── Material shown

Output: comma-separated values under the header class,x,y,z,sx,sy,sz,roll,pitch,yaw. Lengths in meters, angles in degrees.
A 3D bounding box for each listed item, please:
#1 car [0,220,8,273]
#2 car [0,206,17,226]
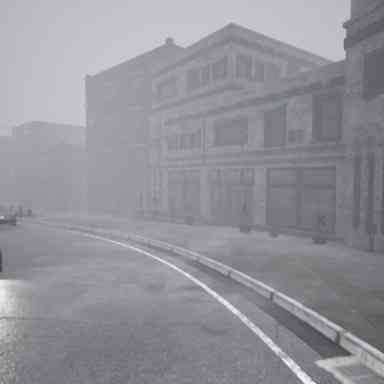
class,x,y,z,sx,sy,sz,roll,pitch,yaw
car,-6.959,1.646,9.998,1.994,1.385,4.181,-1,0,-35
car,-13.970,1.683,23.440,1.994,1.385,4.181,-2,1,-44

────

### About this exercise
Leave out the pictures, and please output only the lines from the line that contains "A 3D bounding" through the end of the data, both ends included.

### Exercise answer
A 3D bounding box for each listed item, please:
#1 car [0,220,8,273]
#2 car [0,206,17,226]
class,x,y,z,sx,sy,sz,roll,pitch,yaw
car,-6.959,1.646,9.998,1.994,1.385,4.181,-1,0,-35
car,-13.970,1.683,23.440,1.994,1.385,4.181,-2,1,-44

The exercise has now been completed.